■ TASK TO COMPLETE
The entries below contain a stretch that opens with the line containing "Use dash bullets" and closes with the line containing "- wall cable (0,159,14,281)"; set down that stretch exactly, both ends included, and nothing else.

■ PROVIDED DATA
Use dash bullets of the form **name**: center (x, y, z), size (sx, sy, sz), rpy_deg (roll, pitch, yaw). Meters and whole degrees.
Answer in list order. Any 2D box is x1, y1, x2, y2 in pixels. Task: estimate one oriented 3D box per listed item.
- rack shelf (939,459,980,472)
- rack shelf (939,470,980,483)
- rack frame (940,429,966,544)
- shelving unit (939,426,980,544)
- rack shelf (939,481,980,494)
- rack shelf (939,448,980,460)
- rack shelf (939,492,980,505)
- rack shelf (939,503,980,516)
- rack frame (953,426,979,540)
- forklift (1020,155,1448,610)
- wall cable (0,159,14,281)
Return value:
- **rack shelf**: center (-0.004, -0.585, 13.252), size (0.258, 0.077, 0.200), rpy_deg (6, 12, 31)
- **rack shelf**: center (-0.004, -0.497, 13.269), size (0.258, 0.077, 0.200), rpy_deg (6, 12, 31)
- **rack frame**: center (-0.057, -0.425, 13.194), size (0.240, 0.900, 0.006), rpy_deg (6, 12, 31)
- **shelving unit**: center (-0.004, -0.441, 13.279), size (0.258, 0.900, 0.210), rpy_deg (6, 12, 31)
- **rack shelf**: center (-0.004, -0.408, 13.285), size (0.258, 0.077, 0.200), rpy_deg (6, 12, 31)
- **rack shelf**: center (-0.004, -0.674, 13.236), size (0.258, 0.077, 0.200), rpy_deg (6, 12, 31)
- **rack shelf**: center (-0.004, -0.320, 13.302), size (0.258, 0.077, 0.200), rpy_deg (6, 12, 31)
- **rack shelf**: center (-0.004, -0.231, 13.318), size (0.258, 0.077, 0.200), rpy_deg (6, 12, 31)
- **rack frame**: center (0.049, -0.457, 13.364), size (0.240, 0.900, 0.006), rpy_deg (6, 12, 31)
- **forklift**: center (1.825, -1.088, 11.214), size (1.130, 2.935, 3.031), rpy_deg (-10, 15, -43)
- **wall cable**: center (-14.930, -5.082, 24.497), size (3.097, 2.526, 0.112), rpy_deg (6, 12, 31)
---
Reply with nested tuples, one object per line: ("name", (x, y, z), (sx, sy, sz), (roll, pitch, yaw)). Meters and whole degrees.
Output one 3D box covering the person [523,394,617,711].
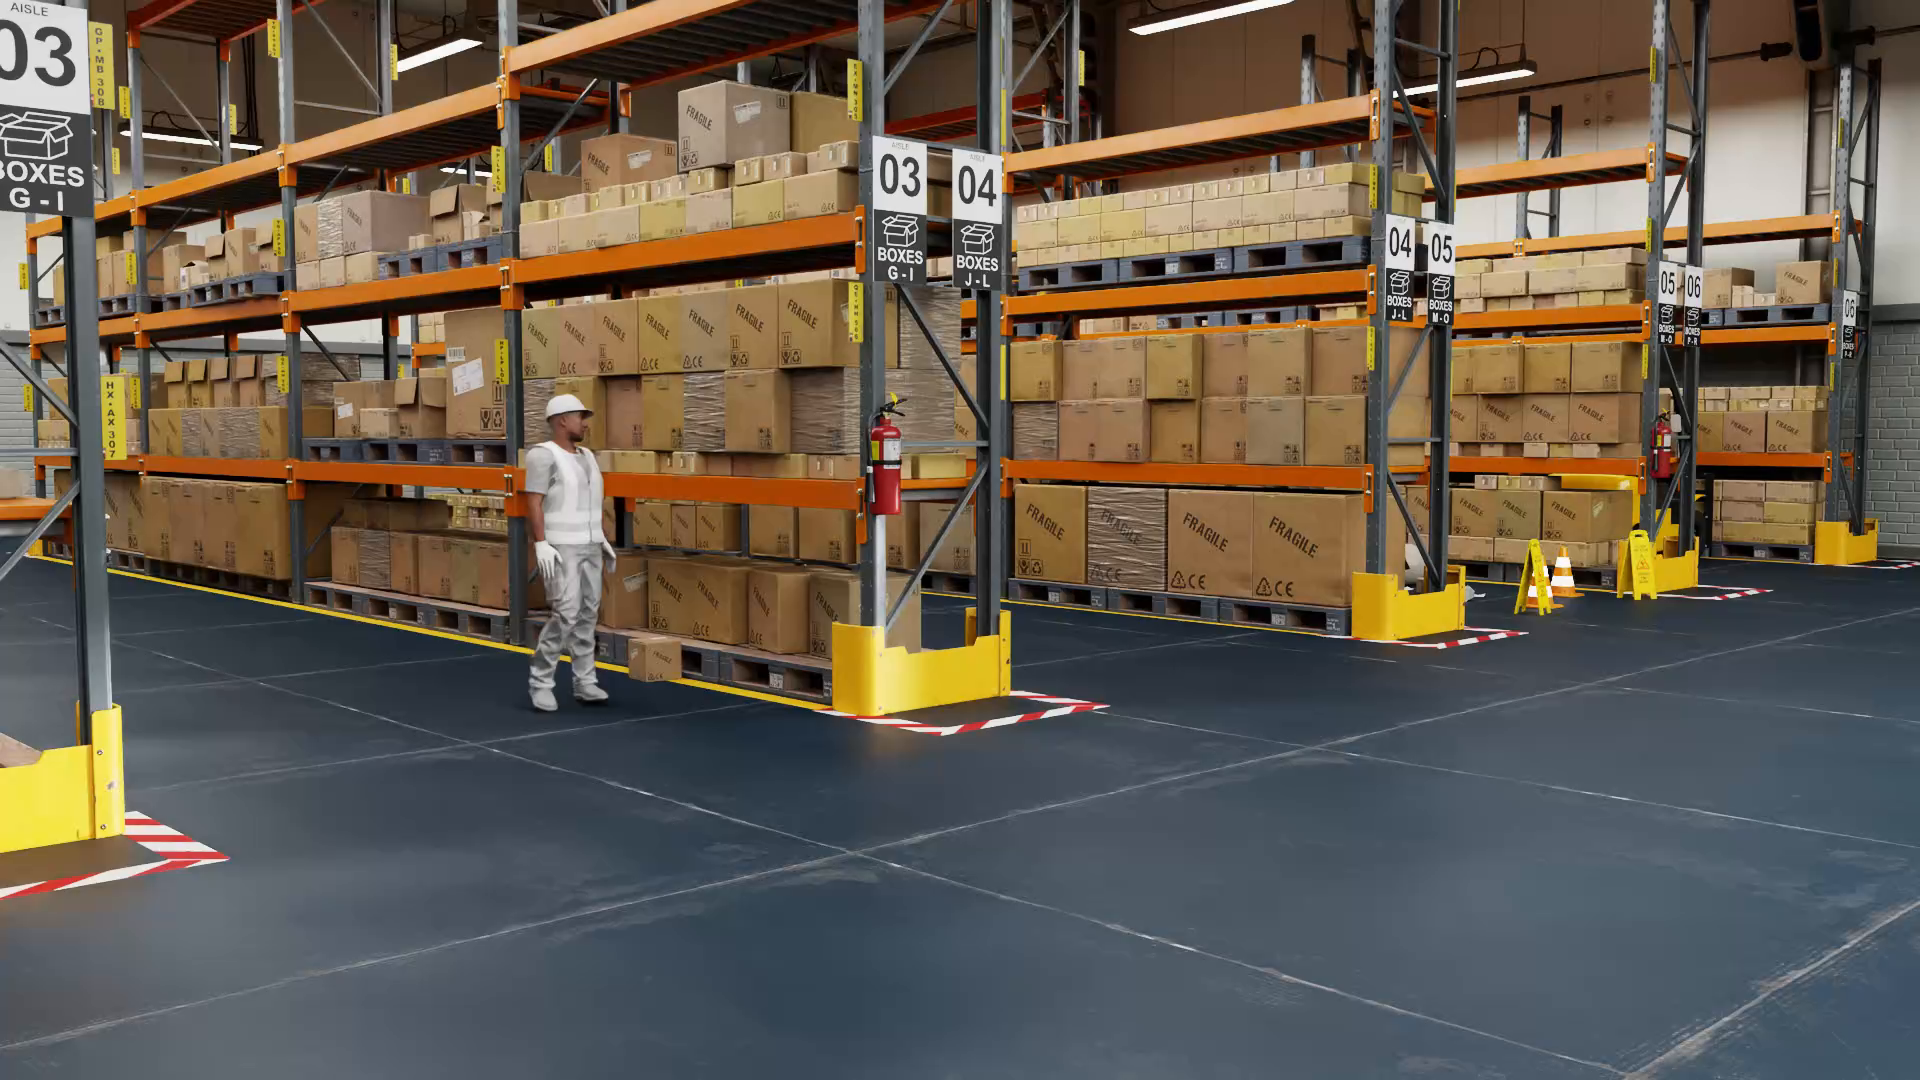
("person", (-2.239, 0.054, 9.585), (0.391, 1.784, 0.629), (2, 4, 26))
---
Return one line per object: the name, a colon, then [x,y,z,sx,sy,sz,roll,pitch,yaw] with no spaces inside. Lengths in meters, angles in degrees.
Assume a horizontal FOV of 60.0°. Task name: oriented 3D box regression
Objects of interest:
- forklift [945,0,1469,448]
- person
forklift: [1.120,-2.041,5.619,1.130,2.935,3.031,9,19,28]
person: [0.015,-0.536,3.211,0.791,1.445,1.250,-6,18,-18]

■ OUTPUT FOR THIS TASK
Use dash bullets of the form **name**: center (x, y, z), size (sx, sy, sz), rpy_deg (roll, pitch, yaw). Meters and whole degrees.
Answer in list order. Any 2D box is x1, y1, x2, y2 in pixels. Task: estimate one oriented 3D box per listed item.
- rack shelf (939,459,980,472)
- rack shelf (939,470,980,483)
- rack frame (940,429,966,544)
- shelving unit (939,426,980,544)
- rack shelf (939,481,980,494)
- rack shelf (939,448,980,460)
- rack shelf (939,492,980,505)
- rack shelf (939,503,980,516)
- rack frame (953,426,979,540)
- forklift (1020,155,1448,610)
- wall cable (0,159,14,281)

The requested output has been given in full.